= Drug policy of Portugal =

The drug policy of Portugal, informally called the drug strategy, was put in place in 2000, and came into effect in July 2001. Created by the Decree-Law n. 130 -A/2001 and under the jurisdiction of the Commissions for the Dissuasion of Drug Addiction, its purpose was to reduce the number of new HIV/AIDS cases in the country, as it was estimated around half of new cases came from injection drug use. This new approach focused on public health as opposed to public-order priorities by decriminalizing public and private use and possession of all drugs.
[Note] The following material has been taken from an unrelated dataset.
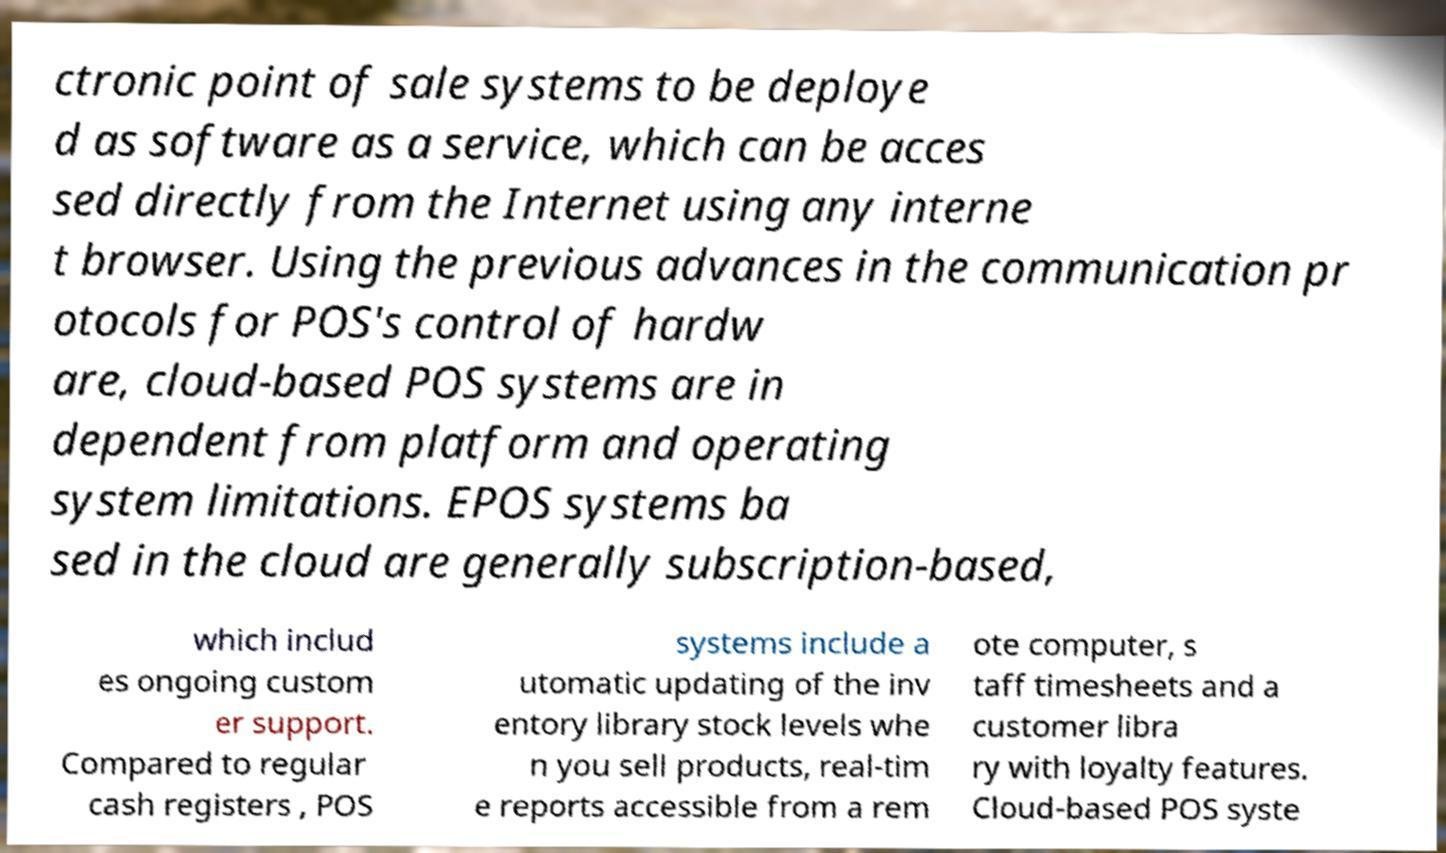There's text embedded in this image that I need extracted. Can you transcribe it verbatim? ctronic point of sale systems to be deploye d as software as a service, which can be acces sed directly from the Internet using any interne t browser. Using the previous advances in the communication pr otocols for POS's control of hardw are, cloud-based POS systems are in dependent from platform and operating system limitations. EPOS systems ba sed in the cloud are generally subscription-based, which includ es ongoing custom er support. Compared to regular cash registers , POS systems include a utomatic updating of the inv entory library stock levels whe n you sell products, real-tim e reports accessible from a rem ote computer, s taff timesheets and a customer libra ry with loyalty features. Cloud-based POS syste 
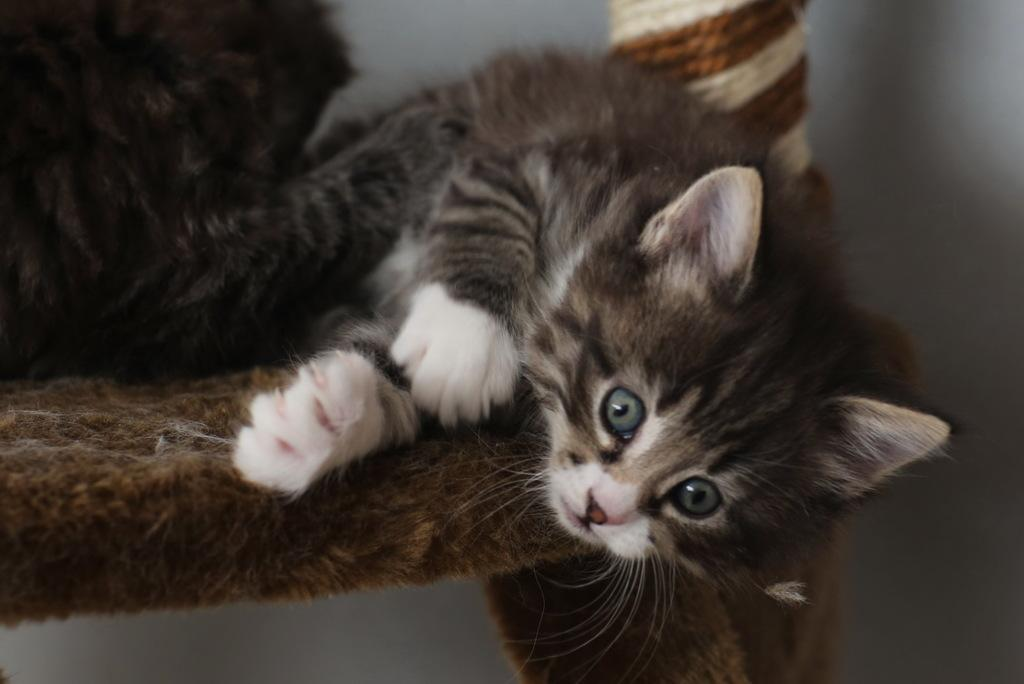What is the main subject of the image? There are two cats in the image. Can you describe the position of the cats? One cat is lying on a platform, and there is another cat beside it. What else can be seen in the image? There is a pole in the image. What is visible in the background of the image? There is a wall visible in the background of the image. Reasoning: Let' Let's think step by step in order to produce the conversation. We start by identifying the main subjects in the image, which are the two cats. Then, we describe their positions and actions, noting that one cat is lying on a platform and the other is beside it. Next, we mention the presence of a pole as an additional object in the image. Finally, we describe the background, which includes a wall. Each question is designed to elicit a specific detail about the image that is known from the provided facts. Absurd Question/Answer: What type of waves can be seen in the image? There are no waves present in the image; it features two cats, a platform, a pole, and a wall. Can you tell me how the cats are touching each other in the image? There is no indication of the cats touching each other in the image. --- Facts: 1. There is a person holding a book in the image. 2. The person is sitting on a chair. 3. There is a table in front of the person. 4. The table has a lamp on it. 5. The background of the image is a room with a window. Absurd Topics: rain, dance, elephant Conversation: What is the person in the image doing? The person is holding a book in the image. Can you describe the person's position? The person is sitting on a chair. What is on the table in front of the person? There is a lamp on the table. What can be seen in the background of the image? The background of the image is a room with a window. Reasoning: Let's think step by step in order to produce the conversation. We start by identifying the main subject in the image, which is the person holding a book. Then, we describe the person's position and actions, noting that they are sitting on a

Under this new policy when the police encounter individuals using or in possession of drugs, the substance is confiscated and the individual is referred to a Dissuasion Commission.

The policy consisted of multiple methods to reduce the spread of HIV, among which were harm reduction efforts, information to the public and in particular to populations most at risk about how HIV is spread, establishing treatment facilities and easier access to substitution treatment for drug addicts, establishing so-called dissuasion commissions to persuade drug addicts to go into treatment, and all drug treatment and control units were reorganized into one comprehensive unit. In addition, the existing practice of giving drug addicts a waiver for drug possession was codified in a new law. The law (Drug Law 30/2000) maintained the status of illegality for using or possessing any drug for personal use without authorization. However, for persons addicted to said drug, their case was now deemed an administrative offence. The authority to impose penalties or sanctions in these cases was transferred from the police and justice system to so-called dissuasion commissions if the amount possessed was no more than a ten-day supply of that substance.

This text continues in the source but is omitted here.